(Collected data)

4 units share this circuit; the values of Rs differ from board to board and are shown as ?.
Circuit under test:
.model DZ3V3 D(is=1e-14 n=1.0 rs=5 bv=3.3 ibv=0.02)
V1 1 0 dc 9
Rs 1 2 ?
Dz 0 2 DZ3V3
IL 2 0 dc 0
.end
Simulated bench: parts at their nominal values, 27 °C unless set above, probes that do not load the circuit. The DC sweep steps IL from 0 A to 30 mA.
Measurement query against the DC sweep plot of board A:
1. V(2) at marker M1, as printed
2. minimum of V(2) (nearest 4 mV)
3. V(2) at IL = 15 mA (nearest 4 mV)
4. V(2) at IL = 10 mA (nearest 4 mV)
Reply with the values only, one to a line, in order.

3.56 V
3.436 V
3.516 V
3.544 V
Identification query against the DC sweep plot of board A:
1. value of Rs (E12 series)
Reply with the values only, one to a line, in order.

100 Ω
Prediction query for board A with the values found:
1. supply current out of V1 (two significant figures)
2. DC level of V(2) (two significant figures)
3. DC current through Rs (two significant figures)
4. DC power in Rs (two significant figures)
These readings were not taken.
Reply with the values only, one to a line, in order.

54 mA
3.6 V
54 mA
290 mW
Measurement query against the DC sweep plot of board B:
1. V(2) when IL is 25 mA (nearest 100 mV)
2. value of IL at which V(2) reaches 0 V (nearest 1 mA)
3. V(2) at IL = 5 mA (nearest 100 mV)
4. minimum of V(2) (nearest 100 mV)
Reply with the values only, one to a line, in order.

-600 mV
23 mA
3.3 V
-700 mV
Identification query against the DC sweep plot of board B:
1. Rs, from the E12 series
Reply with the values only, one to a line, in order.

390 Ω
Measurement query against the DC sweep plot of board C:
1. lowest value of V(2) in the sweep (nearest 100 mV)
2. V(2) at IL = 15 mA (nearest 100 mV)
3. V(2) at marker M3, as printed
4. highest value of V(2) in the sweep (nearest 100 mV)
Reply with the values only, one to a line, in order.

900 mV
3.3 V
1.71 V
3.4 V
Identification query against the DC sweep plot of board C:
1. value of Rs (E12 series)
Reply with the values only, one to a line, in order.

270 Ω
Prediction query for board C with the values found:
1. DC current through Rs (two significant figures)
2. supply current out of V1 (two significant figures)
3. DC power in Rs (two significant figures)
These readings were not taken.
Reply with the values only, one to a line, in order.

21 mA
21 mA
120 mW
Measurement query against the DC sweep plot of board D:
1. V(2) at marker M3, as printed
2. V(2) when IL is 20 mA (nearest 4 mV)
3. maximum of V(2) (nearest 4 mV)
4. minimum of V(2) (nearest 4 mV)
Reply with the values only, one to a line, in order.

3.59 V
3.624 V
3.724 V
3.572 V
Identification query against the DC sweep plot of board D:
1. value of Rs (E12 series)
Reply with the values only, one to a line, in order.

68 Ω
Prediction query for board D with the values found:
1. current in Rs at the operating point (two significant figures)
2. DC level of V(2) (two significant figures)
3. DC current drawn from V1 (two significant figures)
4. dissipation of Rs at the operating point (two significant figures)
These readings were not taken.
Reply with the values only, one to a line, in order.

### Your goal
Work through the data and report how many of its lines hold the word "Identification", giving only the figure.

### Response area
4